Что касается до оставшейся тройки армофродитов, то ни один из них в банку не попал и желания к тому не выразил.
За это время произошли в далекой Сибири некоторые события.
Исецкой провинции в красногорском остроге у дьячка Ивана Кузнецова родилась дочь — самая настоящая и подлинная, не внушавшая никаких сомнений.
И тогда же родилась дочь, вполне правильная и бесспорная, у отставного солдата Василия Яковлева.
Надо бы радоваться, — а родители загрустили.

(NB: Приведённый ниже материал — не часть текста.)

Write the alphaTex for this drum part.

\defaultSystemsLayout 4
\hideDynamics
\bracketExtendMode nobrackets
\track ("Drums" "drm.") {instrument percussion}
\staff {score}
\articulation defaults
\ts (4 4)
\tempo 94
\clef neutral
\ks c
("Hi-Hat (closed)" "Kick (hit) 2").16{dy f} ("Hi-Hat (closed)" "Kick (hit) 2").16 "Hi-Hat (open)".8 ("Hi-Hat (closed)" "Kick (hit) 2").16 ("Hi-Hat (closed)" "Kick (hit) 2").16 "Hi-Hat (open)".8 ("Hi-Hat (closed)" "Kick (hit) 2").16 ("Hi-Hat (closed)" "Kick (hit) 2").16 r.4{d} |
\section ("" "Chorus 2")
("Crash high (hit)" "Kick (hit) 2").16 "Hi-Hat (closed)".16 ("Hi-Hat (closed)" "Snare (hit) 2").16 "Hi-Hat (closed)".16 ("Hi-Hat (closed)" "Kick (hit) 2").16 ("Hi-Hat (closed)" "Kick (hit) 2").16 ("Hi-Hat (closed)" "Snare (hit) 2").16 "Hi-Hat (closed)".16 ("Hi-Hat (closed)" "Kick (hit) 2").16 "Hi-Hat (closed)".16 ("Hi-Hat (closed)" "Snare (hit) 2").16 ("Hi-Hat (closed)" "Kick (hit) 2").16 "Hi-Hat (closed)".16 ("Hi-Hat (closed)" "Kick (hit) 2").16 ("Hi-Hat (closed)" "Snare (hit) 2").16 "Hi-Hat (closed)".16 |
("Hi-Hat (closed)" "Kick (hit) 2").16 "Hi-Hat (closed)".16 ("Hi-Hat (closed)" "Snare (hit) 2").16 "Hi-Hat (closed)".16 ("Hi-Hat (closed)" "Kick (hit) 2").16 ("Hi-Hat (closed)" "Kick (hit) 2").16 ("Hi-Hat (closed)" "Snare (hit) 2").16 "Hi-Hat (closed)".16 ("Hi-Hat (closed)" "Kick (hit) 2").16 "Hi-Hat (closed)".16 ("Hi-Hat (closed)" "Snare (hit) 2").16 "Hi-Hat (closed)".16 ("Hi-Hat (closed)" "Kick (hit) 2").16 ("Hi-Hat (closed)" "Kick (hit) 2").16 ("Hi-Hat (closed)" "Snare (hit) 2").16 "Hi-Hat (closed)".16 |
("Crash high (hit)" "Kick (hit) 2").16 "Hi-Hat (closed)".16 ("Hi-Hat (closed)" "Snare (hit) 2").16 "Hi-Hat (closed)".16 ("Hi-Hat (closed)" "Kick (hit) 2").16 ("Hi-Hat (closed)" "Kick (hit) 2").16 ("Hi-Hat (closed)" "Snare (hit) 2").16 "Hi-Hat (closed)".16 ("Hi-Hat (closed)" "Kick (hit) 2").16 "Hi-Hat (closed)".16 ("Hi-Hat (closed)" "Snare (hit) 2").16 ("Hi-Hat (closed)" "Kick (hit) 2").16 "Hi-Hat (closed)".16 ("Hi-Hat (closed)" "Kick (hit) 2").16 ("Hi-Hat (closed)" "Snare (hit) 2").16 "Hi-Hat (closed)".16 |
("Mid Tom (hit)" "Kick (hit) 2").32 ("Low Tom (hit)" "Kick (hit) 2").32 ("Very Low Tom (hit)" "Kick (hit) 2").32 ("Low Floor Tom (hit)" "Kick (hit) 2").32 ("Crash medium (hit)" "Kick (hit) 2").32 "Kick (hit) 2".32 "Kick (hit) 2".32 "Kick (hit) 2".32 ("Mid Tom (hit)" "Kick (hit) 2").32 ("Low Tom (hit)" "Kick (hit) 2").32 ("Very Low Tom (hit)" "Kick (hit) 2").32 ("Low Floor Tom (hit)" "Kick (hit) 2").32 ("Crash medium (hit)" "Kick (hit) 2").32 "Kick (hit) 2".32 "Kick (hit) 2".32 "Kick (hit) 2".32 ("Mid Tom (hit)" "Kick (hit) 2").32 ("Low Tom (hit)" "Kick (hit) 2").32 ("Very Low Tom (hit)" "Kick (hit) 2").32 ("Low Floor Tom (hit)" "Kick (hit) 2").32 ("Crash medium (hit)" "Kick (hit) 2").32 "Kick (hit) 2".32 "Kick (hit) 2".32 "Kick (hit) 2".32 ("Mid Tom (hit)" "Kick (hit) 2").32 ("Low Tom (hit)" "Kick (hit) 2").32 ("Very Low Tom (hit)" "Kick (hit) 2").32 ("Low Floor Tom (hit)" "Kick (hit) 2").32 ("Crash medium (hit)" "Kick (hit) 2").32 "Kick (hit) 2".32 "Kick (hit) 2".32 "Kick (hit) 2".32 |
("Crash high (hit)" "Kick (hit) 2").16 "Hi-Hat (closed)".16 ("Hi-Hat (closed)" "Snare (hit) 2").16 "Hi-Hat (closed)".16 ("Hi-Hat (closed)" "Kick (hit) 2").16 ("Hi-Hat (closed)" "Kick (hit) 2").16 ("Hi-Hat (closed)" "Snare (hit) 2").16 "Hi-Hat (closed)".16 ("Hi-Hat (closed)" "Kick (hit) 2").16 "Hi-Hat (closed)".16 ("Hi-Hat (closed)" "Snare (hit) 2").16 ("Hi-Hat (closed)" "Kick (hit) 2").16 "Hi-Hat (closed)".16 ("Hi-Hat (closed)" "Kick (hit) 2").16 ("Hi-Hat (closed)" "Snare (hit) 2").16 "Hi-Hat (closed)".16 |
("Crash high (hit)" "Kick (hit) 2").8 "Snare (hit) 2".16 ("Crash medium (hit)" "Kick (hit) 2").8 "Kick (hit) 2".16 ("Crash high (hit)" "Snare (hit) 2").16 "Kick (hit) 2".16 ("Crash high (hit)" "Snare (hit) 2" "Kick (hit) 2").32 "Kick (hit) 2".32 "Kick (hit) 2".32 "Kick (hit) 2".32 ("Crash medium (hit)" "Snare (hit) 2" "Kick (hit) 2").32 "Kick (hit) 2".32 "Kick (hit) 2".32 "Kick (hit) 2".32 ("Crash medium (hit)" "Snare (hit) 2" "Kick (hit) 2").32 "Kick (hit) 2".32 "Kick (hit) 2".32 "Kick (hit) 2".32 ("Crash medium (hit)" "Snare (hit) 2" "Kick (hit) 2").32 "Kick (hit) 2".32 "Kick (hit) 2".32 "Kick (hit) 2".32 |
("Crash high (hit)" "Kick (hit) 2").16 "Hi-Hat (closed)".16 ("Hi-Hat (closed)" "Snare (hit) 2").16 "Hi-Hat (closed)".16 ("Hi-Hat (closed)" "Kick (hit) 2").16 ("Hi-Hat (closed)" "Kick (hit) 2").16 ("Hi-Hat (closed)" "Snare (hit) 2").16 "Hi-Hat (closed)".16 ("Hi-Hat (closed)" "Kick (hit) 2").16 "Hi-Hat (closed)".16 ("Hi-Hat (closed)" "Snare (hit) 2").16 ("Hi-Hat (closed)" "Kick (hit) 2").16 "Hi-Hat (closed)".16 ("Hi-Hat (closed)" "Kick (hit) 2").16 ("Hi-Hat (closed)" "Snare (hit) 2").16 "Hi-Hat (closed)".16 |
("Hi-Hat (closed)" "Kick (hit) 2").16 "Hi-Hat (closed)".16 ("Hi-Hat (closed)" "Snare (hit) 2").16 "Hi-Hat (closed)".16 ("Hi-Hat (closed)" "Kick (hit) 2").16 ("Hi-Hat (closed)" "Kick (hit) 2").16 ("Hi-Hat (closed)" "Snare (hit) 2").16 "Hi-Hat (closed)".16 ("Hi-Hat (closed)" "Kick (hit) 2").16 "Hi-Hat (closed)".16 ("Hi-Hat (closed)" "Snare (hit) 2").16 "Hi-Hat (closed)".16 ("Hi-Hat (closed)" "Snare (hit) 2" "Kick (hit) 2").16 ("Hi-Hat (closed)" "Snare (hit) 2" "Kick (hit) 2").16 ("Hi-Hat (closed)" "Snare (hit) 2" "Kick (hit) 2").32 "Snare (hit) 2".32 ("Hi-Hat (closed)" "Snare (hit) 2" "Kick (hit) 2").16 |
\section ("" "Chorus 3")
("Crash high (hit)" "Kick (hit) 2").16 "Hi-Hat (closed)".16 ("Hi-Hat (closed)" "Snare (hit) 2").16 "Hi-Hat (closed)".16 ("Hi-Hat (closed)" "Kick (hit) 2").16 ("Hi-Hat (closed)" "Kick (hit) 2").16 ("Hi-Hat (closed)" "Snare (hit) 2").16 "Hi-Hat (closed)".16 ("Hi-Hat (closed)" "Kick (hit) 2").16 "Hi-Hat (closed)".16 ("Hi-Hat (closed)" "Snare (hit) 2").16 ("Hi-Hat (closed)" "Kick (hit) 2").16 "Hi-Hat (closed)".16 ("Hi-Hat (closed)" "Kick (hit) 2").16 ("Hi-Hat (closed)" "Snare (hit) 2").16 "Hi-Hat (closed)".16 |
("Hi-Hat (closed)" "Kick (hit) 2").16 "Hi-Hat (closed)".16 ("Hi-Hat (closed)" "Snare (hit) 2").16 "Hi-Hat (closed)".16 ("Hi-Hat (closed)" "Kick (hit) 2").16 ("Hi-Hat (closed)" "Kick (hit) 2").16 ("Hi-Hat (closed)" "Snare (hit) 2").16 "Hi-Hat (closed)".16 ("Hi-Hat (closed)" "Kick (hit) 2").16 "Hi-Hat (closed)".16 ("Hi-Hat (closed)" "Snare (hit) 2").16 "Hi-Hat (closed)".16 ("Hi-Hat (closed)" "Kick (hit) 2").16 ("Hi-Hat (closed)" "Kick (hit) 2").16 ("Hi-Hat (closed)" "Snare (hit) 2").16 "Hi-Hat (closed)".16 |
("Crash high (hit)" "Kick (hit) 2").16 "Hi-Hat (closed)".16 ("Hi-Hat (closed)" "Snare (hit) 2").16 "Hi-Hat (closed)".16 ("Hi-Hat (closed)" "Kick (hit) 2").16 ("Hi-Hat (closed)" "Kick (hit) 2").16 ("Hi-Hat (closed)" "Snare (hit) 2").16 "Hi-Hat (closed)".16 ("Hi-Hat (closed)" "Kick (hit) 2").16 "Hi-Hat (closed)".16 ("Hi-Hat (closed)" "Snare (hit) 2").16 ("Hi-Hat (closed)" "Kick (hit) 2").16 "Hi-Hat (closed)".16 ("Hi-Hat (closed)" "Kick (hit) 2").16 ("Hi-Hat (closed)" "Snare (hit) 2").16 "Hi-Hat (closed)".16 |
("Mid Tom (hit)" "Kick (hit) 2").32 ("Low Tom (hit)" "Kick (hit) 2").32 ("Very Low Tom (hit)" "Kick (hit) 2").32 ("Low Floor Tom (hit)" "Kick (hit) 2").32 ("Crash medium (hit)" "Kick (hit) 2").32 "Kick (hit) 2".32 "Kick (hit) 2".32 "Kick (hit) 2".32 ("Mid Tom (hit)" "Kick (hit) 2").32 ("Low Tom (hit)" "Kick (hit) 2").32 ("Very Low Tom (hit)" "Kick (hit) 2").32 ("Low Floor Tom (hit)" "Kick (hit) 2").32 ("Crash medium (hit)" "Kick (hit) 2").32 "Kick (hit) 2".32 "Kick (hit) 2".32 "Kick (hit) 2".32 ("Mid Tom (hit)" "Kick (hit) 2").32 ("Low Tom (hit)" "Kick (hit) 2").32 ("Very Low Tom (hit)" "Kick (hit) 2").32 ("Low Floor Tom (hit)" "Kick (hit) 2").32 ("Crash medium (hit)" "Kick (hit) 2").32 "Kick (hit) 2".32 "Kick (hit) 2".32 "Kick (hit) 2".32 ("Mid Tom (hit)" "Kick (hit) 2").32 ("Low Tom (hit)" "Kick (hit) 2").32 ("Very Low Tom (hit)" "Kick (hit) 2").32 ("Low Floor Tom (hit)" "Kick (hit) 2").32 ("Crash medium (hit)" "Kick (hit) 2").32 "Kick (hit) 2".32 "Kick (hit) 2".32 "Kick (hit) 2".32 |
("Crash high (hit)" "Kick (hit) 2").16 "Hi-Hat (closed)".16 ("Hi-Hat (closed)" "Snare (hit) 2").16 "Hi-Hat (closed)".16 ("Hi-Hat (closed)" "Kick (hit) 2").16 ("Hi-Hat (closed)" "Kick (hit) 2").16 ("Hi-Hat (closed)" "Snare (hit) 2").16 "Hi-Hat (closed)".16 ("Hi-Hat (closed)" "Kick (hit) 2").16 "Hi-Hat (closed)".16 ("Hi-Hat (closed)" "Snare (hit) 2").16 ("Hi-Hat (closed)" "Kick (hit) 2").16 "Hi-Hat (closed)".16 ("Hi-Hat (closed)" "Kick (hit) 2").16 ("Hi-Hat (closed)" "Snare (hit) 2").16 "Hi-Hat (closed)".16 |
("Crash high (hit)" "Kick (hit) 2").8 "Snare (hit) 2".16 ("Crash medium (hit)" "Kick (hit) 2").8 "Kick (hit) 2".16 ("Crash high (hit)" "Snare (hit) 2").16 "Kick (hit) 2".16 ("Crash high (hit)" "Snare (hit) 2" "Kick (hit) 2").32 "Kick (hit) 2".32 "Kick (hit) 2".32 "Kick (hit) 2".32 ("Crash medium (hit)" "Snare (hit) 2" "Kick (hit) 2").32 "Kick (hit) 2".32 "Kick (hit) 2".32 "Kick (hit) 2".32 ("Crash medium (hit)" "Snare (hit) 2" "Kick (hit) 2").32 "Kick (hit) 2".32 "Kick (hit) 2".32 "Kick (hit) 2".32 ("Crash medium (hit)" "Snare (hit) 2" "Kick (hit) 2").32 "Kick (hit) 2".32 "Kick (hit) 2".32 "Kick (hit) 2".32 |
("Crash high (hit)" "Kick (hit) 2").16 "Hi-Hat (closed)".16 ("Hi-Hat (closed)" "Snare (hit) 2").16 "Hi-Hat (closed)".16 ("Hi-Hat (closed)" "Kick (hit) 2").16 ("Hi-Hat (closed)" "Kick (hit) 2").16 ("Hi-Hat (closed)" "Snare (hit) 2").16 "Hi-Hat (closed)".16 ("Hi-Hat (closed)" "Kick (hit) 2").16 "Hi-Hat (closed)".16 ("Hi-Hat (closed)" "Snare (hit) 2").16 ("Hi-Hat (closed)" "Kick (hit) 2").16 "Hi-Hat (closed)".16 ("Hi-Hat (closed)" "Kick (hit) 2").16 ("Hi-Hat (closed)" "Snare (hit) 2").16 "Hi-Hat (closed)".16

Были они уже немолоды, жили скудно и впереди не видели ничего доброго. Старость подкрадется незаметно: кто будет их кормить и о них заботиться? Старшие дети, какие ни на есть, взяты в государеву Кунсткамеру, а дочери — не работницы, да еще надобно их вырастить. Девка в семье — отрезанный ломоть.
Нашелся грамотный писарек и, по просьбе родителей, написал им прошение в Академию наук:
«Мы, нижайшие, у себя в Сибири имеем еще по младенцу, токмо не скопцы и никакой курьезности нет, и оные наши дети в малых летах, которых нам содержать и пропитать некому, а мы уже при самой старости. И дабы указом ее императорского величества повелело было нам, нижайшим, из помянутых скопцов наших детей по одному, Михайлу да Аврама, для прокормления обретающихся в Сибири родителей и малых детей к ним отдать и отпустить в дома свои».
Была академия в смущении: как вернуть Михайлу, когда Михайло успел самоопределиться и сбежать? С другой стороны — нужно и родителей пожалеть и казну избавить наконец от великого расхода на содержание армофродитов: по восемнадцать рублев в год, да мундир, да шляпа с тесьмой! И притом оные армофродиты, не проявляя желания перейти по частям или в целом виде в банки со спиртом, делаются с годами, напротив, весьма нахальными, требуют прибавки питания, носят усы и проявляют склонность к развлечениям, по званию их предосудительным.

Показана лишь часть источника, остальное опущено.